Review verdict: “Cooper has landed a masterpiece on his first go. You could say, a star is born.”
3. First Man
Every so often a film comes along that feels tailor-made for you. As a fan of Damien Chazelle already (both Whiplash and La La Land are in my top 20 of all time), the hype was large prior to the release of First Man. But this is not director-bias on my part; First Man is a tour de force. Authentic, breathless filmmaking evokes joy, wonder and importantly, fear. Space is an unforgiving void – Chazelle moulds a lesson on grief out of a familiar victory.
Review verdict: “The film is many things; magical, surprisingly intimate, remarkably suspenseful. But what it does best of all, and most importantly, is inspire pure awe.”
2. Avengers: Infinity War
When the final shot of Infinity War cut to black, the sense of devastation in the air of the cinema was palpable. It wasn’t just that ending; the whole experience was intensely gratifying on a scale hitherto undreamt of. The Russo’s did the impossible; a ginormous ensemble in a comprehensive, decade-spanning finale. Yes, it’s part one, but the emotional gravity isn’t lessened; it’s strengthened. God, the wait for Endgame physically aches.
Review verdict: “A phenomenal, superheroic ensemble masterclass that more than surpasses the hype. Audaciously epic and stirringly entertaining, it’s a devastating, historic spectacle (emphasis on devastating).”

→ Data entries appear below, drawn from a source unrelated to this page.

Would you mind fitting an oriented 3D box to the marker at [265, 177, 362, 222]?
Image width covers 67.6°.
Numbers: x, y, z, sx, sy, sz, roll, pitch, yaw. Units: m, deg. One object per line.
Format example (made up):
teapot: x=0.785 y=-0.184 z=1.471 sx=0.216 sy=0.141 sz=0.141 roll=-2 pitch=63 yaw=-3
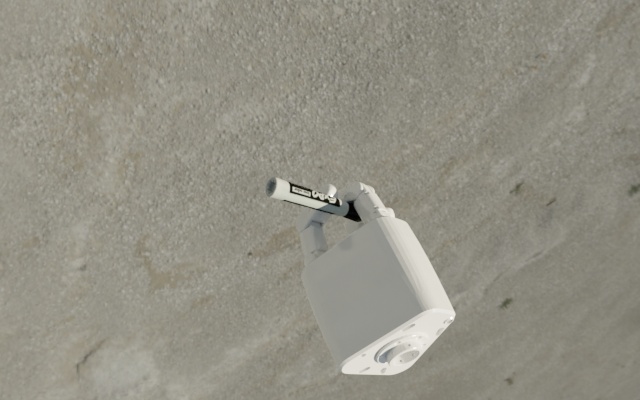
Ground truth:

Horror is a devilishly difficult genre to crack. The classics are held in intimidatingly high regard, often used as comparisons any time a successful contemporary feature is released. That’s what happened with Hereditary; fawning reviews started to appear with dangerous claims that it was “this generation’s The Exorcist“. While that tendency can lead to risky, detrimental preconceptions, Ari Aster’s debut feature film deserves all the praise the world of criticism can afford. It’s a tirelessly demented, incredibly traumatic, breathtaking trip into the darkest depths of psychological, family horror, anchored around a sublime cast, but most of all a legendary performance from Toni Collette. Fear is subjective; Hereditary is my worst nightmare, but it may just be the finest horror movie ever made. Petrifying.
Review verdict: “An outstandingly horrifying achievement from a debut filmmaker, Hereditary is a classic in the making, built on rock-solid, terrifying, atmospheric terror.”